Doherty asked what Dr Boyle thought when he assessed the girl at the scene and couldn't find a pulse at her femoral artery.
"I thought she was dead," he said. The trial has previously heard that the little girl spent one month in the intensive care unit. She now uses a wheelchair, is non-verbal and communicates only by blinking yes or no. She is fed through a tube and requires medication to help her sleep.
Bouchaker, of no fixed address, is on trial at the Central Criminal Court charged with the attempted murder of two girls and one boy, and assault causing serious harm to creche worker Leanne Flynn, at Parnell Square East in Dublin City on November 23rd, 2023.
He is further charged with assaulting two other children and a teenager and with producing a knife in a manner likely to intimidate.
He has pleaded not guilty to all charges and his trial is expected to last up to five weeks.
Det Gda Gerard Dunne told Finnegan that he was requested to go in an ambulance with creche worker Leanne Flynn, who had a visible injury to her right side and was in a lot of pain. She was unable to speak, he said, and she was "just shouting and screaming in physical pain".
Corinne Allen told Doherty that she was coming from a building onto Parnell Square East when she saw Flynn and Bouchaker struggling.
She said Bouchaker was pulling on Flynn's left arm 'quite forcefully' and she was pulling back. She then saw a "really large knife" in his hand and saw him stabbing her 'a few times'.
She said Flynn must have fallen to the ground because Bouchaker then walked up to a group of children lined up against a railing. She said he put his free hand on one chid's shoulder and "gestured" with the knife towards the child.
The railing obstructed her view, she said, so she couldn't see.
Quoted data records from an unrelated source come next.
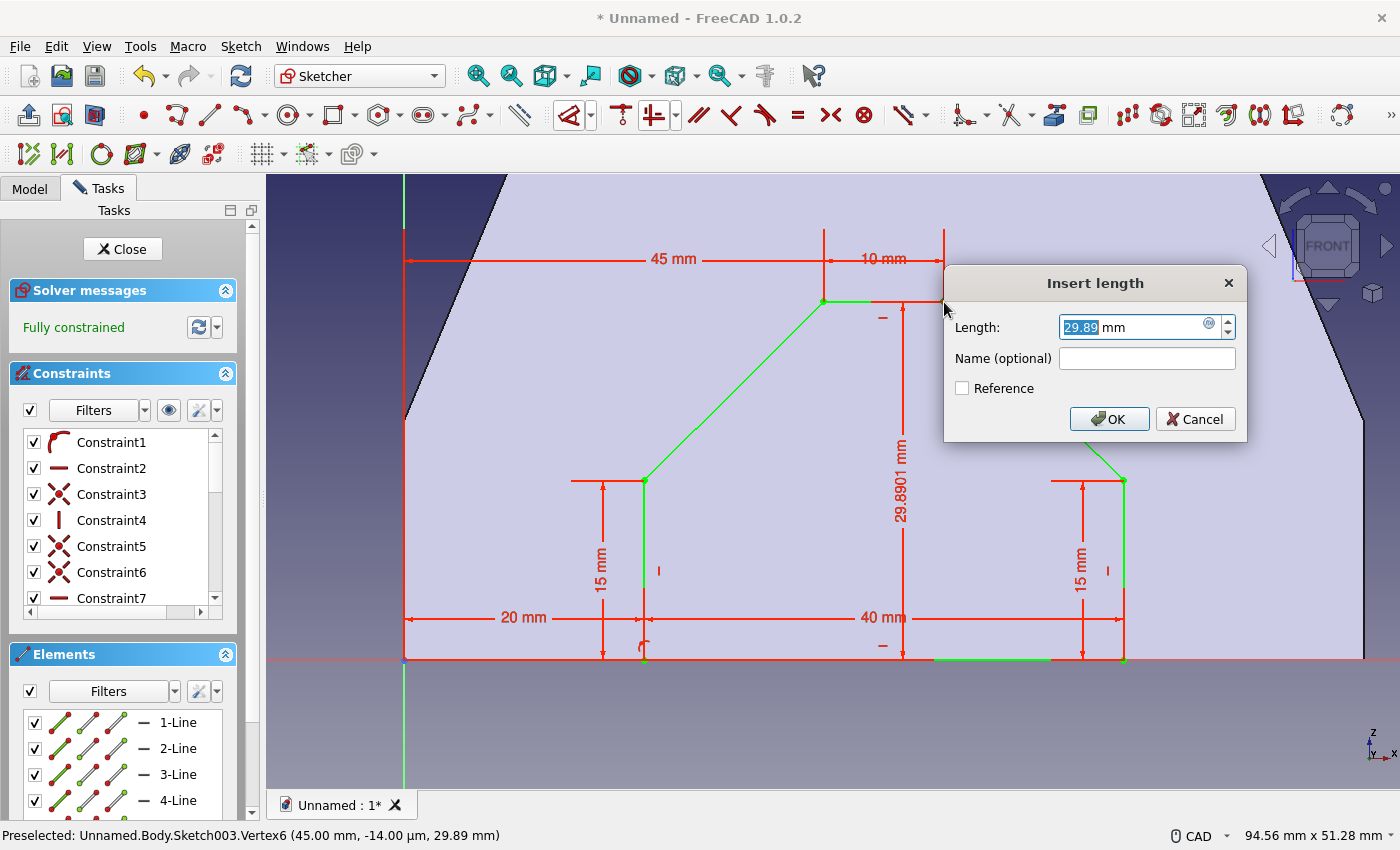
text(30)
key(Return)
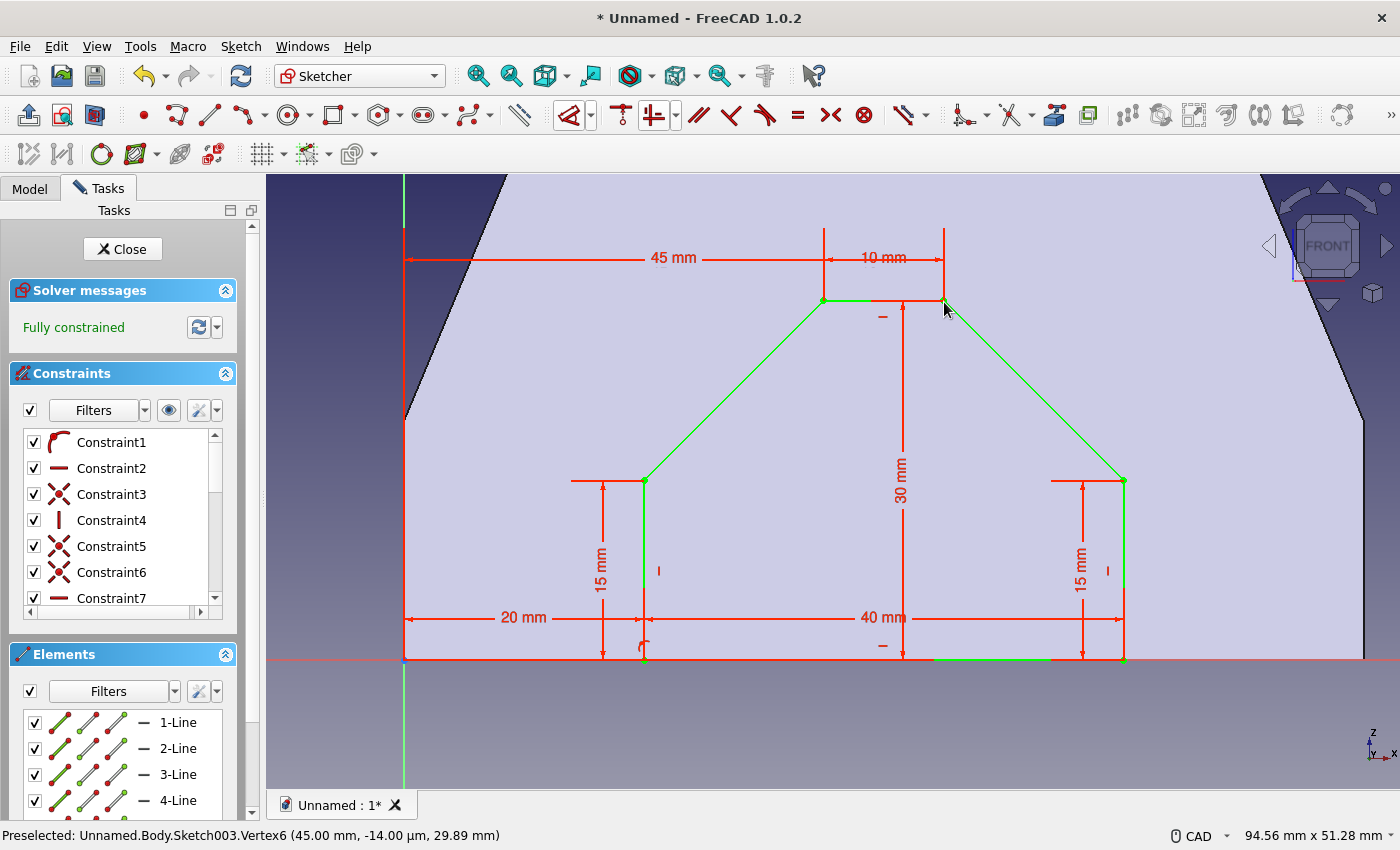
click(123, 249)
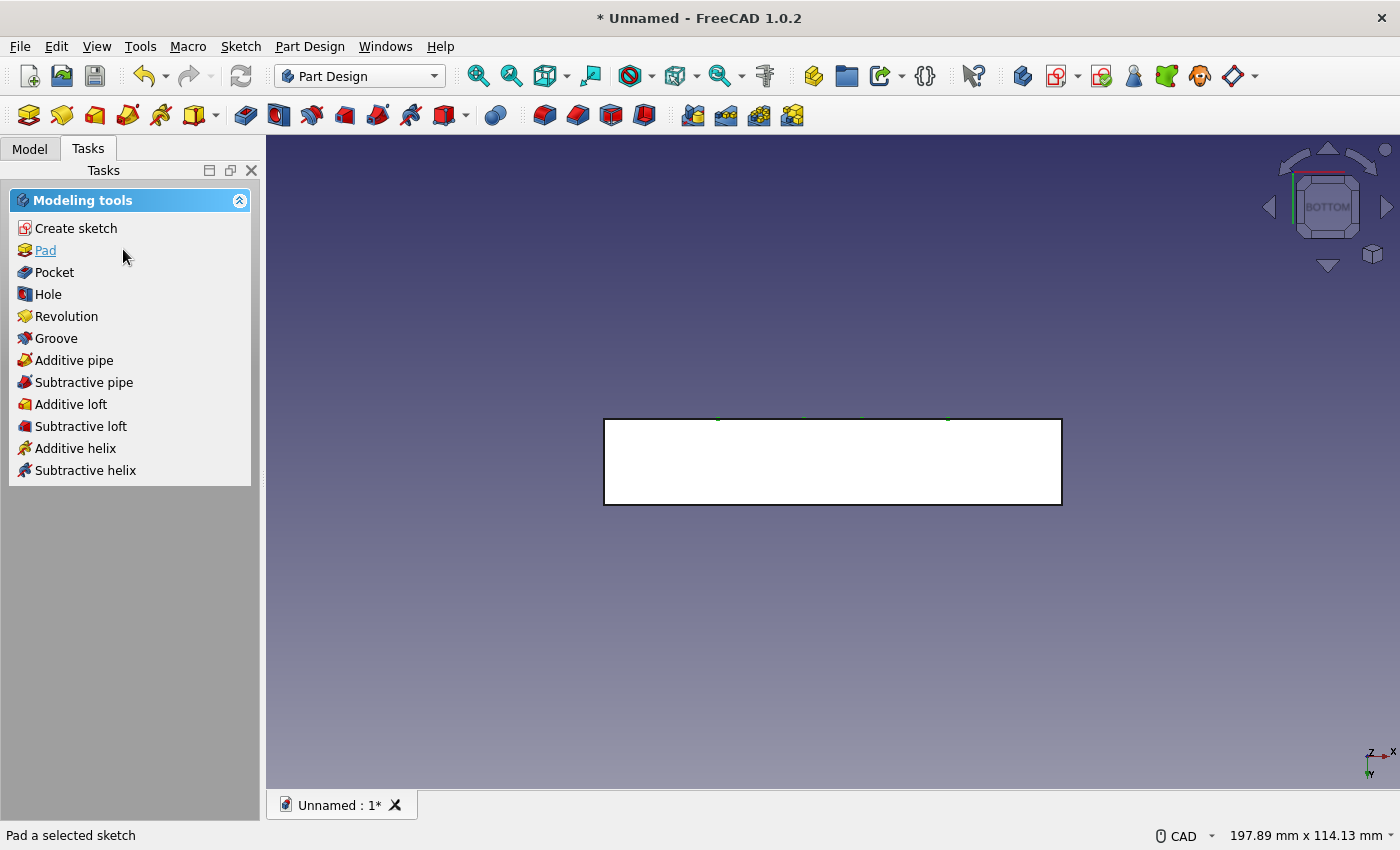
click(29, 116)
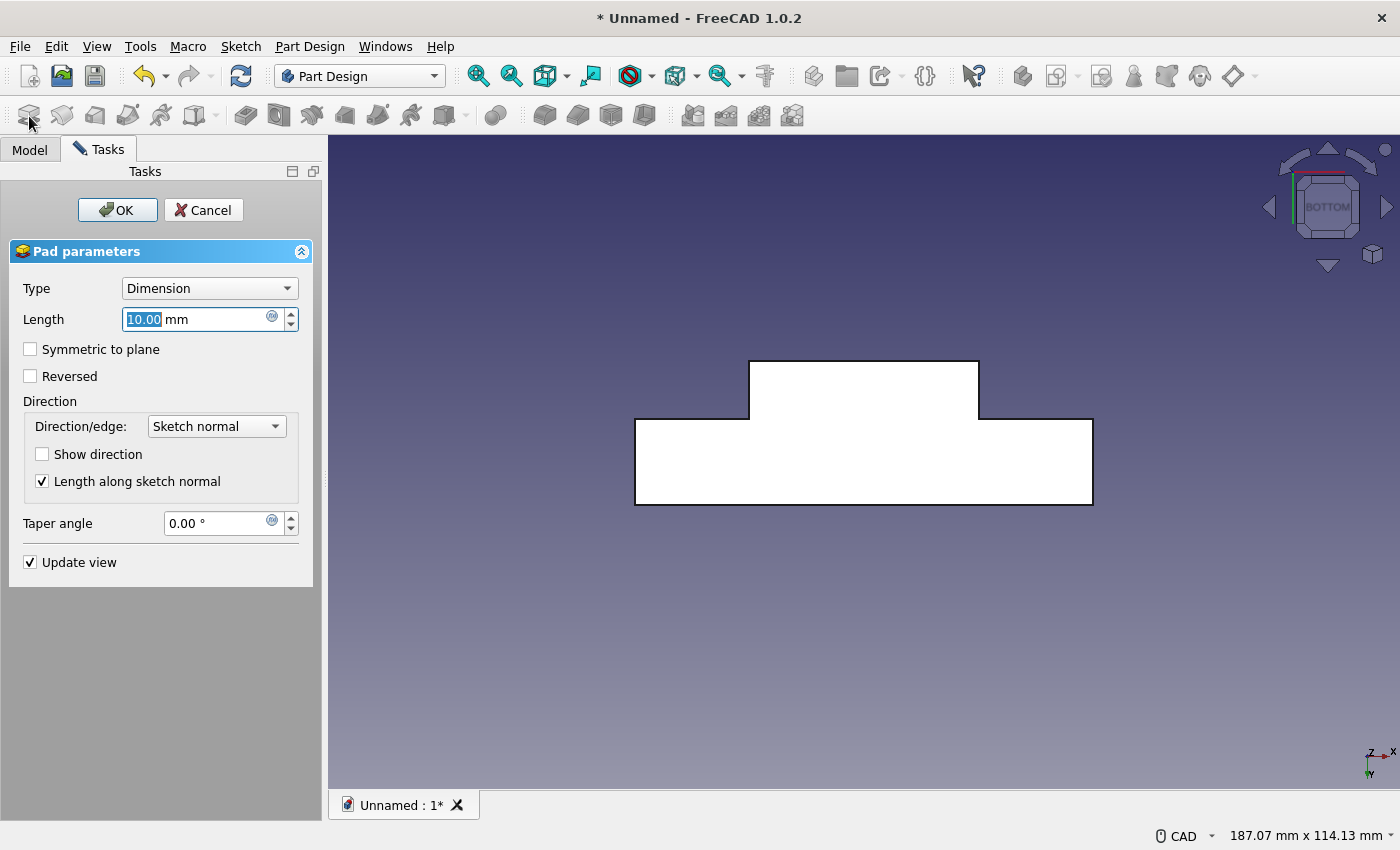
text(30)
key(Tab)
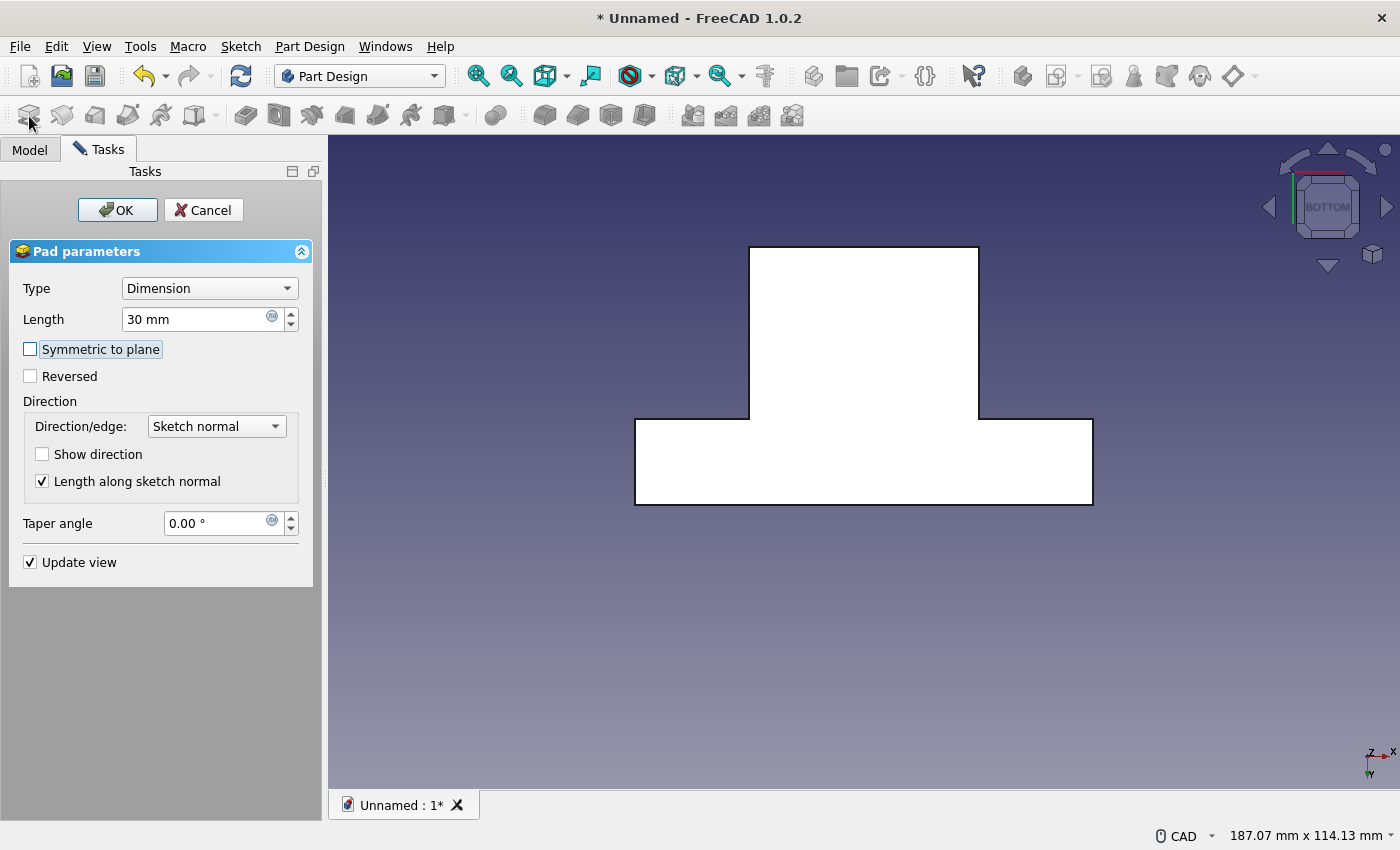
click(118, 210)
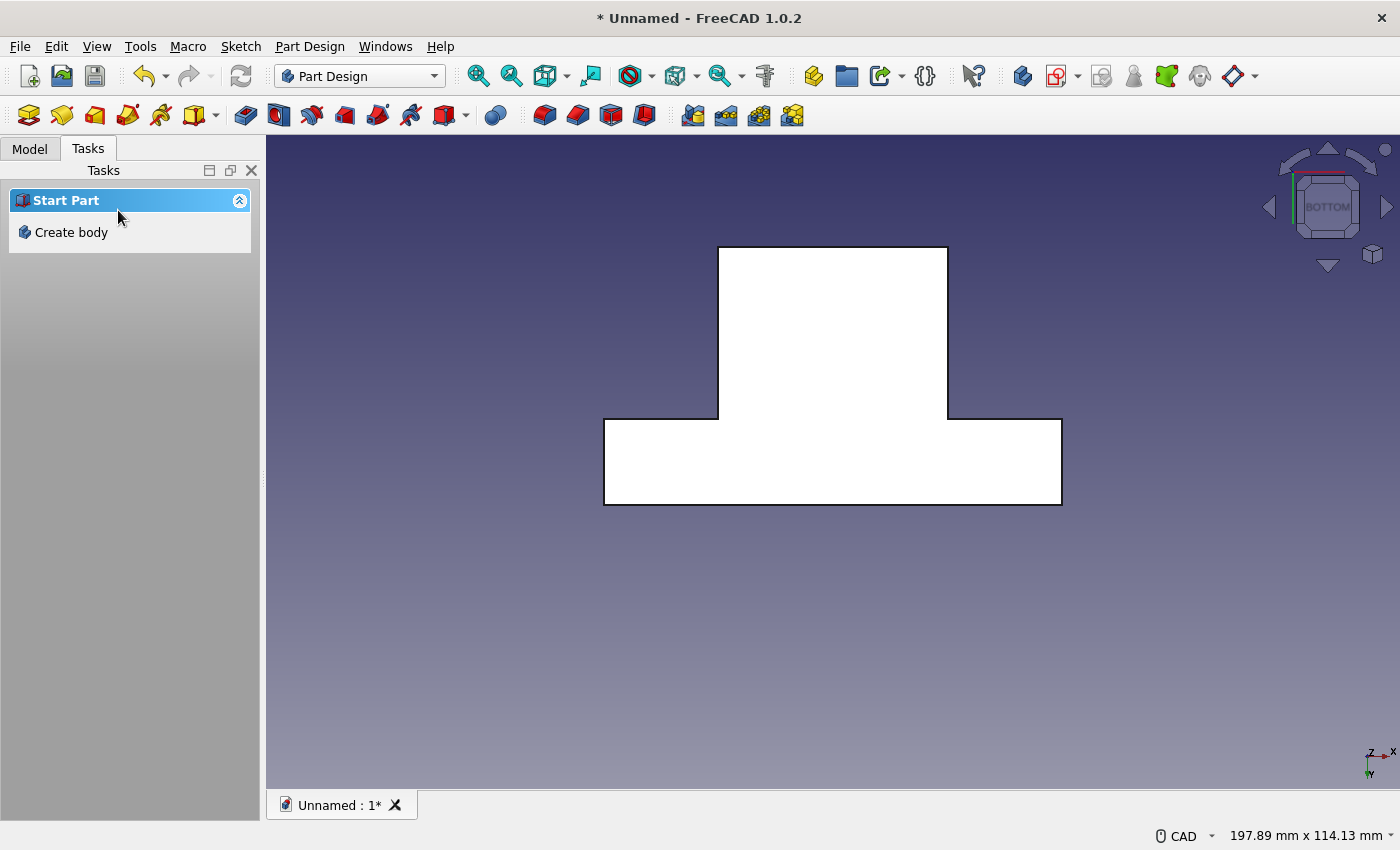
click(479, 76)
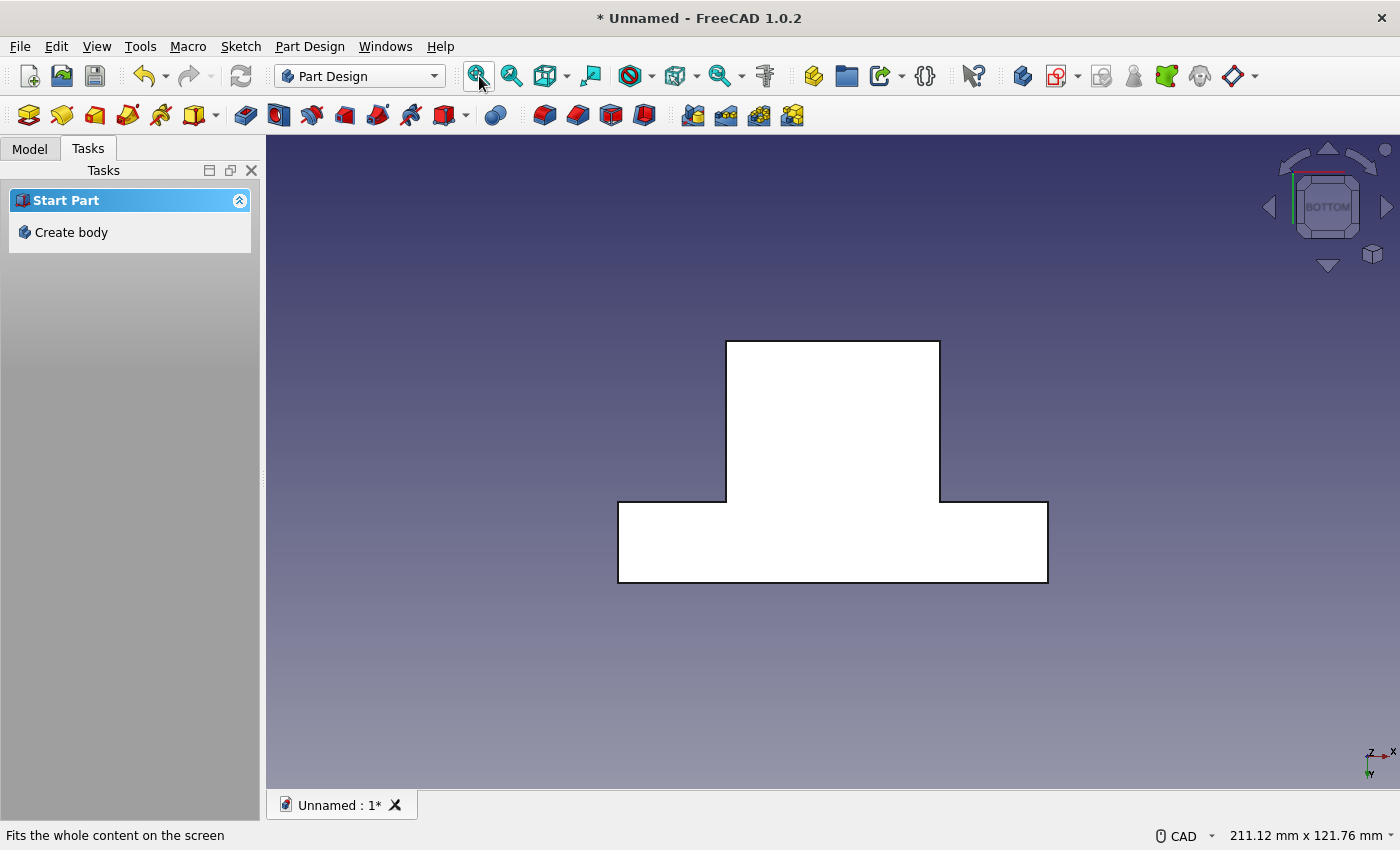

She turned around and went back inside the building.
Under cross-examination, Bouchaker's defence counsel asked Allen if she would be surprised to learn that Flynn only suffered one stab wound, not the "two or three" she said she saw.
She accepted it was possible that her memory had failed her, but added that certain aspects of what happened are "engrained on my brain forever and I will never forget it".
The trial continues before Justice Tony Hunt and a jury of nine men and three women.